### Task description
Only one span of the listing below is wanted: the lines from the one with "#1 sneaker [328,145,421,212]" through the one with "#11 box [392,228,523,379]", reproduced exactly, both ends kept.
:::::
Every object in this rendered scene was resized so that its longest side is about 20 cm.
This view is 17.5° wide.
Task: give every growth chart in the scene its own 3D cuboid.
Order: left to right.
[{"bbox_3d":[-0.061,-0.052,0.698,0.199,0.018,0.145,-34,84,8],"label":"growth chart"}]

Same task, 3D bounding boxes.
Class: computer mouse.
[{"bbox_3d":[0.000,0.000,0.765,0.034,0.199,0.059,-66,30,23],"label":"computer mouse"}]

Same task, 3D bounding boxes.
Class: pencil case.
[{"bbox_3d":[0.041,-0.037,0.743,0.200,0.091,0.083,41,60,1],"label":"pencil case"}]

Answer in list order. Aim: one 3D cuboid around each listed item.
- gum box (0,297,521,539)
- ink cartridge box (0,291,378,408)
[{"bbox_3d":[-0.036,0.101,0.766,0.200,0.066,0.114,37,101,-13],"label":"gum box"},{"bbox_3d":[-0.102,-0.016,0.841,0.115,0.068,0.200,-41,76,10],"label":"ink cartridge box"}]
:::::
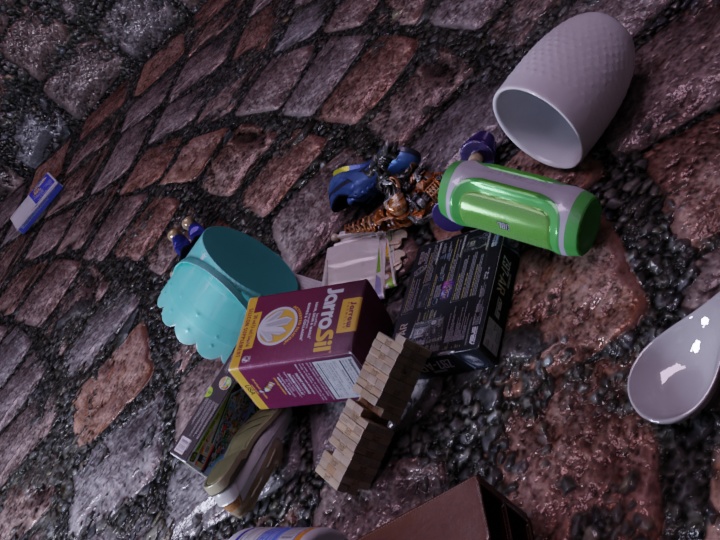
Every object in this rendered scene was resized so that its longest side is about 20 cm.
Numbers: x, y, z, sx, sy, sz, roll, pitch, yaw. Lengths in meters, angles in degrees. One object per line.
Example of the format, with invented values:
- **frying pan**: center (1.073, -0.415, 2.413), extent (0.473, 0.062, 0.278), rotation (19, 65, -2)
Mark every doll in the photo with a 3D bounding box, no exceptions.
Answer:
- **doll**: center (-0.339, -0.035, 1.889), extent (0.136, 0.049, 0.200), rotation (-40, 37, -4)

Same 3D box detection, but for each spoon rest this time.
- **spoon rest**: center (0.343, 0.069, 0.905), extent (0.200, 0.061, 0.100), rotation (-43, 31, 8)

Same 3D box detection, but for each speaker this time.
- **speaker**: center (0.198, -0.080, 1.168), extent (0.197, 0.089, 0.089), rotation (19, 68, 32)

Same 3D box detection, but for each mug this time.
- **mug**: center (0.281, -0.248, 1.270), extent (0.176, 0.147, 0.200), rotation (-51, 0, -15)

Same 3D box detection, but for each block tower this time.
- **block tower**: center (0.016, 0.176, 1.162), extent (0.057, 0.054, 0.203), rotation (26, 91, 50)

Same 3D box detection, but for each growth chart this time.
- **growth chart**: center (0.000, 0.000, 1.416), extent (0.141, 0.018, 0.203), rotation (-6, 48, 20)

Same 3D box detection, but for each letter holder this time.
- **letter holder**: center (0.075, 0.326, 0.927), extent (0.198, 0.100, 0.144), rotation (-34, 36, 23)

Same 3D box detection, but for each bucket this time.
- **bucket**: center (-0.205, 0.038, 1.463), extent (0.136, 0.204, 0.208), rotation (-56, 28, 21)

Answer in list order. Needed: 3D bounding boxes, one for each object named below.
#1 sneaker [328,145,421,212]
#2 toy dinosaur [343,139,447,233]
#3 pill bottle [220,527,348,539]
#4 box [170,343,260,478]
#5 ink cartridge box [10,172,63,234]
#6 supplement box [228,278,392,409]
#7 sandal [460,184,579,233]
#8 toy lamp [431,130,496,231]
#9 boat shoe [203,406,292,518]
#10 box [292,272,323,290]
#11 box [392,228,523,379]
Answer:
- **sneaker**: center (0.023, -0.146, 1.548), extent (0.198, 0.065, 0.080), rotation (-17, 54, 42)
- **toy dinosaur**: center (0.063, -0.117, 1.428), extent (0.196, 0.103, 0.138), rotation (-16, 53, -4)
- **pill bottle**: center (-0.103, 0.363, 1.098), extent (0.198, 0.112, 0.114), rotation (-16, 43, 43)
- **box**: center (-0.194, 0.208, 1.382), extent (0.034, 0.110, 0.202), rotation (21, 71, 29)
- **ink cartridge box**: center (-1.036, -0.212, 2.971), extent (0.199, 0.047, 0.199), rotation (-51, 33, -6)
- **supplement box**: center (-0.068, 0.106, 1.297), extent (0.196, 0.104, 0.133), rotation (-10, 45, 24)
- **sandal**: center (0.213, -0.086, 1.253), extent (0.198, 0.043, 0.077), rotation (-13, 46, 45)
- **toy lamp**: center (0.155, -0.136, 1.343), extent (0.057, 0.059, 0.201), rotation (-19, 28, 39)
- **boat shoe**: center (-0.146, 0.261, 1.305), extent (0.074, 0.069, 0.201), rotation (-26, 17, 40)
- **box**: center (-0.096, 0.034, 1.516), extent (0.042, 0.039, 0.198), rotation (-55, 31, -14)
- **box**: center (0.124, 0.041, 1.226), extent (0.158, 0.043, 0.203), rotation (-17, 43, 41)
:::::
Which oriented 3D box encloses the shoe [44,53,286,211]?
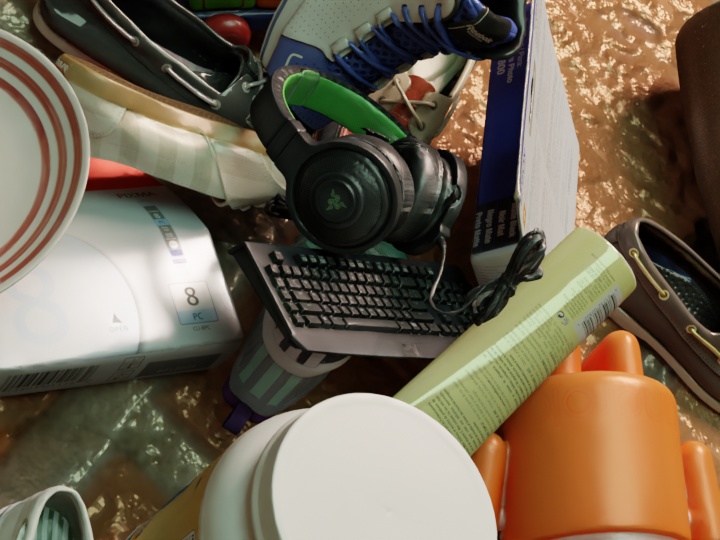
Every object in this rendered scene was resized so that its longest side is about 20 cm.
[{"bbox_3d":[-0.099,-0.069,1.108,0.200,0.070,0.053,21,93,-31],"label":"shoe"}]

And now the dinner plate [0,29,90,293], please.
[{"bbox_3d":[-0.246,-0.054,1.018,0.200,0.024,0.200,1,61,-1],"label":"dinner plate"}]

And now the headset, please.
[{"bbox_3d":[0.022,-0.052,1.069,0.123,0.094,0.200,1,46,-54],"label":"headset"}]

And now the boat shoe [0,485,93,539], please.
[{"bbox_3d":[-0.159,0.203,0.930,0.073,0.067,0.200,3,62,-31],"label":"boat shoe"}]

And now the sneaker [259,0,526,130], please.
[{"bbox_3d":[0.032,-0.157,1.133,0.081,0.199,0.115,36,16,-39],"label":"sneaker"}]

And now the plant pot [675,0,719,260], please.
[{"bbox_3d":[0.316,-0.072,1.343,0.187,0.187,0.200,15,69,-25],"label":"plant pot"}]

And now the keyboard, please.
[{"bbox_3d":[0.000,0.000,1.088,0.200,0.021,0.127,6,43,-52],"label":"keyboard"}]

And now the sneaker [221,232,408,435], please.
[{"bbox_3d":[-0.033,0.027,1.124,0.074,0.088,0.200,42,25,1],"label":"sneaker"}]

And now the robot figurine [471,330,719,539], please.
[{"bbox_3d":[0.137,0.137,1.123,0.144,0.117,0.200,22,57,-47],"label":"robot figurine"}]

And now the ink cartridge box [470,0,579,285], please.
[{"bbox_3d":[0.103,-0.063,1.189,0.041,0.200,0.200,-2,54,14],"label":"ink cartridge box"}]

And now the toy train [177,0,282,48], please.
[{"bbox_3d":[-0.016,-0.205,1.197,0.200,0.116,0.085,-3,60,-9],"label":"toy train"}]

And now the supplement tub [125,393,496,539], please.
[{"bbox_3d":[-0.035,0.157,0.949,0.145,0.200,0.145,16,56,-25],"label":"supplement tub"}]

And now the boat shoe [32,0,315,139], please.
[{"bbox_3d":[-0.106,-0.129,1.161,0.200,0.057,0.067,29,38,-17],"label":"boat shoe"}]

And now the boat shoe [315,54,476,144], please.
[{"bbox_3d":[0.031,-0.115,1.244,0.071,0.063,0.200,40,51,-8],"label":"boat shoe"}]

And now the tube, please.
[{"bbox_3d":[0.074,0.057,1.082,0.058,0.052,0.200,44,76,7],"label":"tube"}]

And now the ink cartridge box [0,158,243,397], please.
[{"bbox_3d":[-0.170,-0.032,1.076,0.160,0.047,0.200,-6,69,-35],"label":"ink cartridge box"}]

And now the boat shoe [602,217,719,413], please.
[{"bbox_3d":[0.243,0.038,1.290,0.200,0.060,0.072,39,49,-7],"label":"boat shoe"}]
:::::
### Output for this task
#1 sneaker [328,145,421,212]
#2 toy dinosaur [343,139,447,233]
#3 pill bottle [220,527,348,539]
#4 box [170,343,260,478]
#5 ink cartridge box [10,172,63,234]
#6 supplement box [228,278,392,409]
#7 sandal [460,184,579,233]
#8 toy lamp [431,130,496,231]
#9 boat shoe [203,406,292,518]
#10 box [292,272,323,290]
#11 box [392,228,523,379]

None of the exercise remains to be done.